Fetal and maternal contributions to risk of pre-eclampsia: population based study.

作者信息

Lie R T, Rasmussen S, Brunborg H, Gjessing H K, Lie-Nielsen E, Irgens L M

机构信息

Division for Medical Statistics, University of Bergen, Armauer Hansen's Building, Haukeland Hospital, 5021 Bergen, Norway.

出版信息

BMJ. 1998 May 2;316(7141):1343-7. doi: 10.1136/bmj.316.7141.1343.

Abstract

OBJECTIVE

To use familial patterns of recurrence of pre-eclampsia to investigate whether paternal genes expressed in the fetus contribute to the mother's risk of pre-eclampsia and whether mother's susceptibility to pre-eclampsia is related to maternal inheritance by mitochondrial DNA.

DESIGN

Linked data on pregnancies of different women who had children with the same father, and subsequently linked data on pregnancies of half sisters who either had same mother and different fathers or had same father and different mothers.

SETTING

Population based data from the Medical Birth Registry of Norway covering all births since 1967 (about 1.7 million) and the Norwegian Central Population Register.

MAIN OUTCOME MEASURES

Relative risk of pre-eclampsia after a previous pre-eclamptic pregnancy in the family. Relative risks approximated by odds ratios.

RESULTS

If a woman becomes pregnant by a man who has already fathered a pre-eclamptic pregnancy in a different woman her risk of developing pre-eclampsia is 1.8 (95% confidence interval 1.2 to 2.6).
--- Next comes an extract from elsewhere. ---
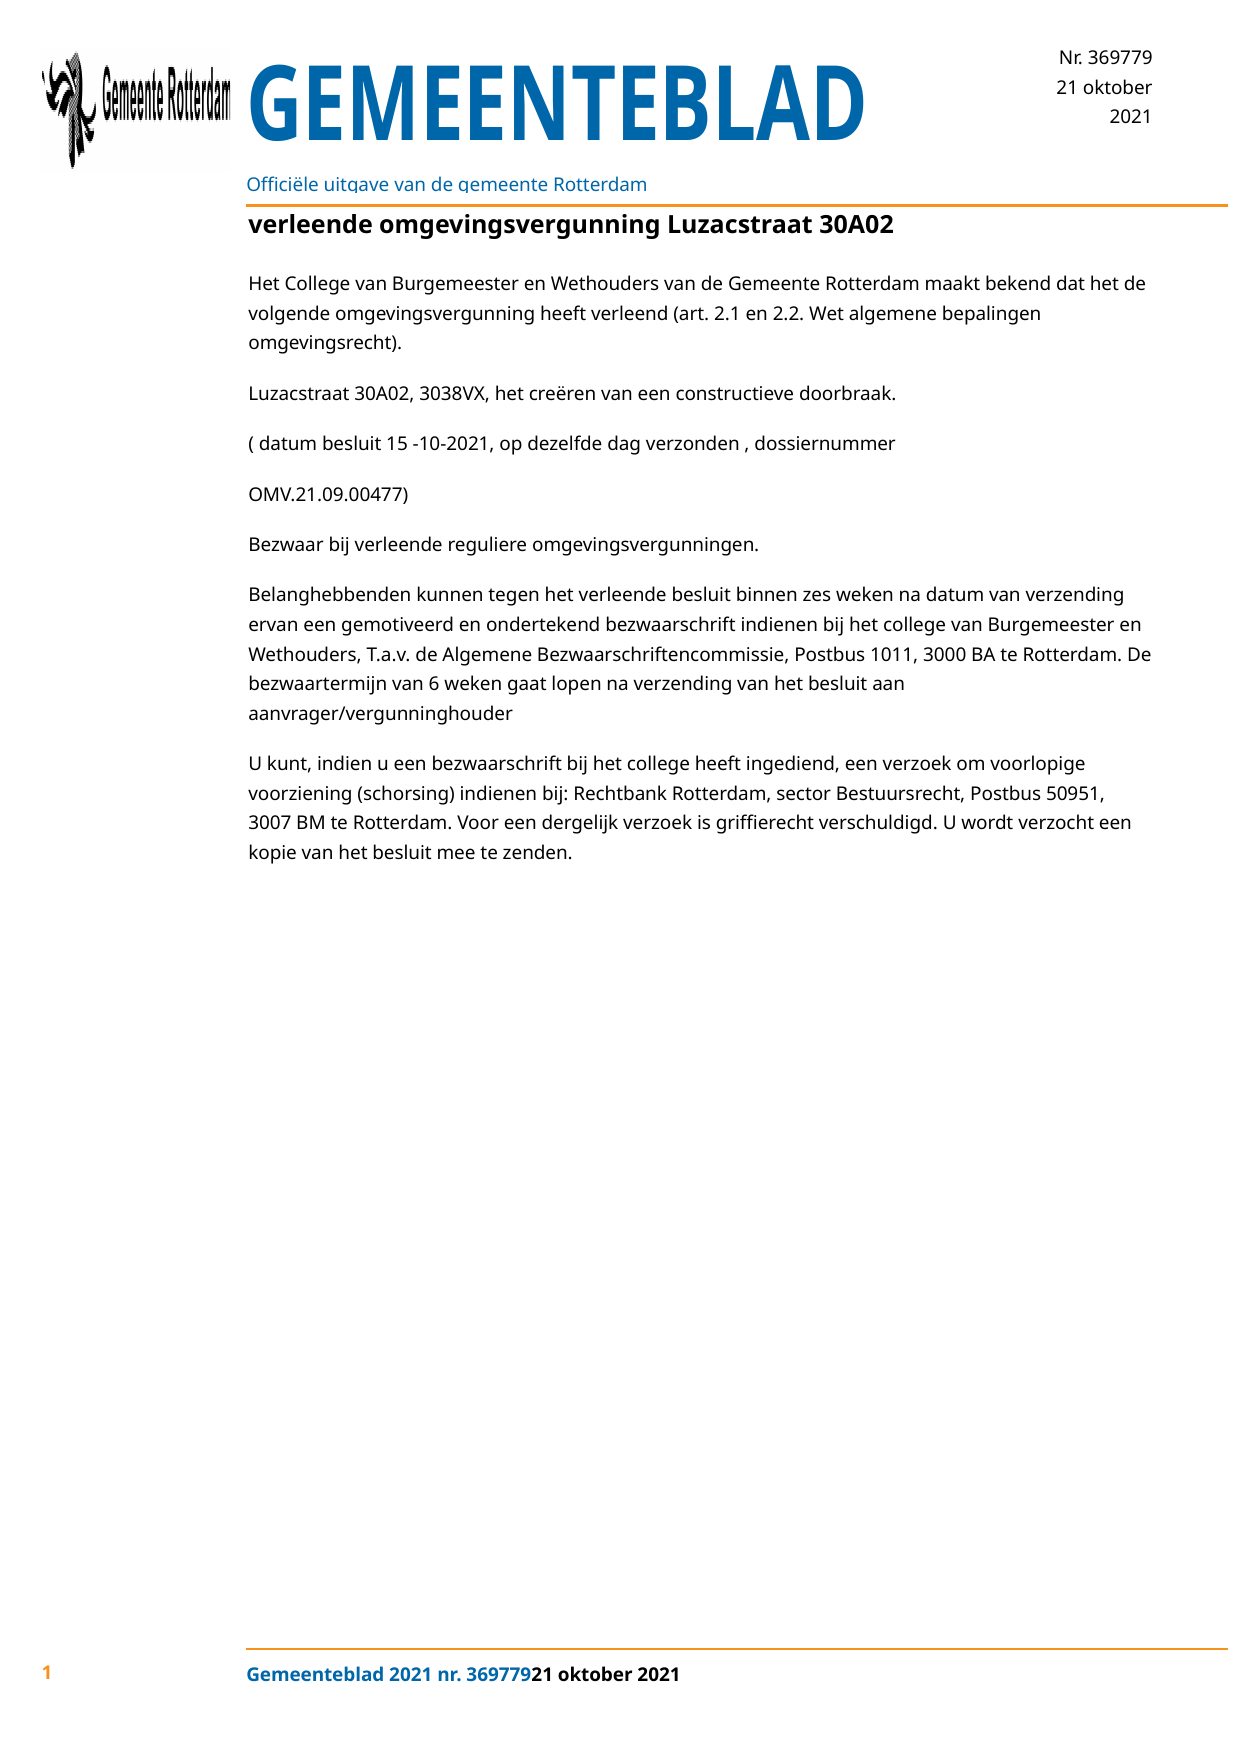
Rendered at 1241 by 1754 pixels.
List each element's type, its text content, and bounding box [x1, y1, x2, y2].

If the woman has a half sister who had pre-eclampsia and with whom she shares the same mother but different fathers the risk of pre-eclampsia is 1.6 (0.9 to 2.6). If the two sisters have the same father but different mothers the risk is 1.8 (1.01 to 2.9).

CONCLUSIONS

Both the mother and the fetus contribute to the risk of pre-eclampsia, the contribution of the fetus being affected by paternal genes. Mitochondrial genes, which are transmitted by mothers, do not seem to contribute to the risk.

摘要

目的

利用子痫前期复发的家族模式,研究胎儿中表达的父系基因是否会增加母亲患子痫前期的风险,以及母亲对子痫前期的易感性是否与线粒体DNA的母系遗传有关。

设计

对与同一父亲育有子女的不同女性的妊娠相关数据进行关联分析,随后对同父异母或同母异父的半姐妹的妊娠相关数据进行关联分析。

研究地点

基于挪威医疗出生登记处自1967年以来所有出生记录(约170万例)的人群数据以及挪威中央人口登记处的数据。

主要观察指标

家族中前次子痫前期妊娠后再次发生子痫前期的相对风险。相对风险以比值比近似。

结果

如果一名女性与一名曾使另一名女性发生子痫前期妊娠的男性怀孕,她患子痫前期的风险为1.8(95%置信区间1.2至2.6)。如果该女性有一个患子痫前期的半姐妹,且她们有相同的母亲但不同的父亲,那么她患子痫前期的风险为1.6(0.9至2.6)。如果两姐妹有相同的父亲但不同的母亲,风险为1.8(1.01至2.9)。

结论

母亲和胎儿均会增加子痫前期风险,胎儿的影响受父系基因作用。由母亲遗传的线粒体基因似乎与该风险无关。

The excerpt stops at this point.